1. Fios is a Verizon product, ATT sells UVERSE. Again You know nothing about Fios.
2. I couldn't care less about you not wanting to spend extra for a s3 subscription, or what channels suite you, because my original post was in response to your calling Fios a Beta product when you have no knowledge about it.
3. D* is your best option where you live, that doesn't mean it fits other peoples needs.


----------



## tfederov (Jul 6, 2003)

cowboys2002 said:


> Isn't FIOS a Verizon product, and U-Verse the ATT product?


Yep.


----------



## Dkerr24 (Oct 29, 2004)

cowboys2002 said:


> Isn't FIOS a Verizon product, and U-Verse the ATT product?
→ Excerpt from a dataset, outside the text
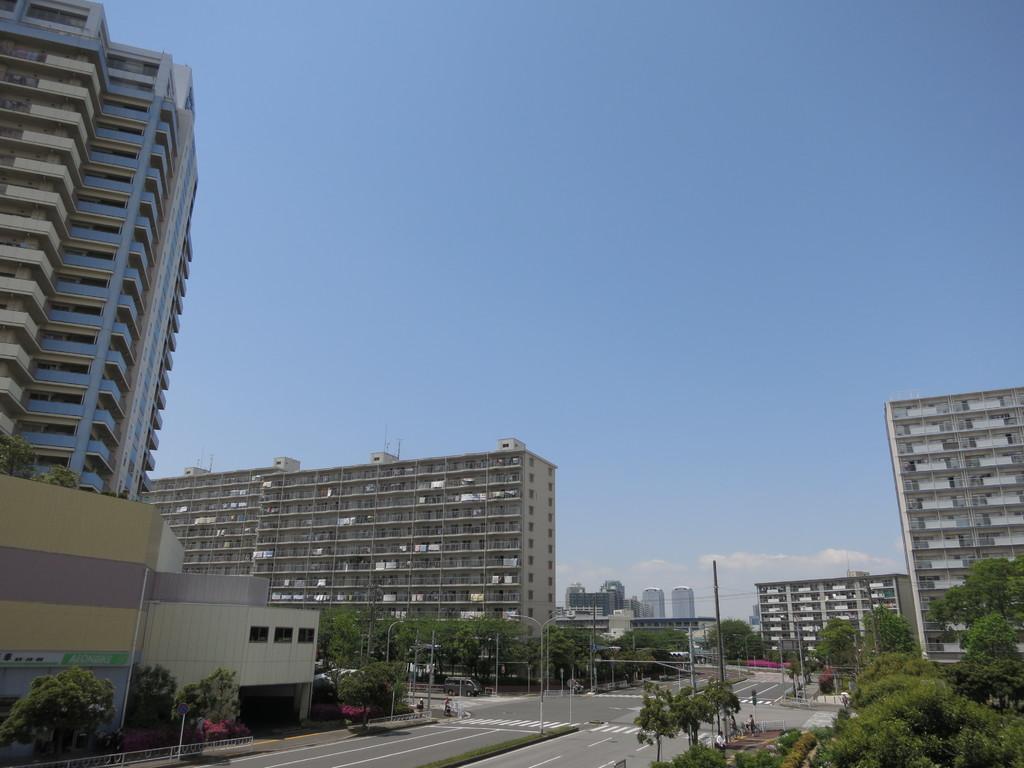Can you describe this image briefly? In this image we can see few buildings, trees, a vehicle on the road, street lights, a pole with wires and the sky in the background. 
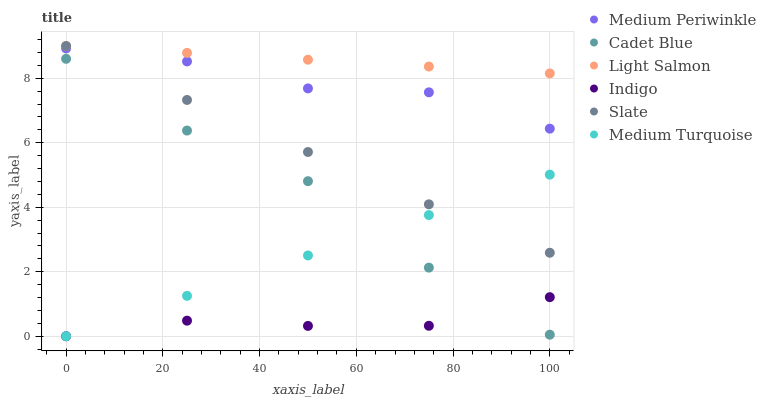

You are right... it's U-verse in my area... very similiar technology to FIOS, just a bit different transfer mode in the last few thousand feet to the end user. From what I've read, the possible top end transfer speed of FIOS is much higher than Uverse.


----------



## Dkerr24 (Oct 29, 2004)

doncoolio said:


> 1. Fios is a Verizon product, ATT sells UVERSE. Again You know nothing about Fios.
> 2. I couldn't care less about you not wanting to spend extra for a s3 subscription, or what channels suite you, because my original post was in response to your calling Fios a Beta product when you have no knowledge about it.
> 3. D* is your best option where you live, that doesn't mean it fits other peoples needs.


Feeling superior now? I'm happy for you.


----------



## doncoolio (Jul 9, 2006)

"Good luck with FIOS. I love letting folks like you beta test new technology so I know that when I finally adopt it, it will be trouble-free."

Feeling superior now? I'm happy for you.


----------



## lew (Mar 12, 2002)

The poster is probably basing his comparison on what DTV was offering when he made the decision to dump DTV. A few months ago when DTV was charging $10/month for not much more then a handful of channels.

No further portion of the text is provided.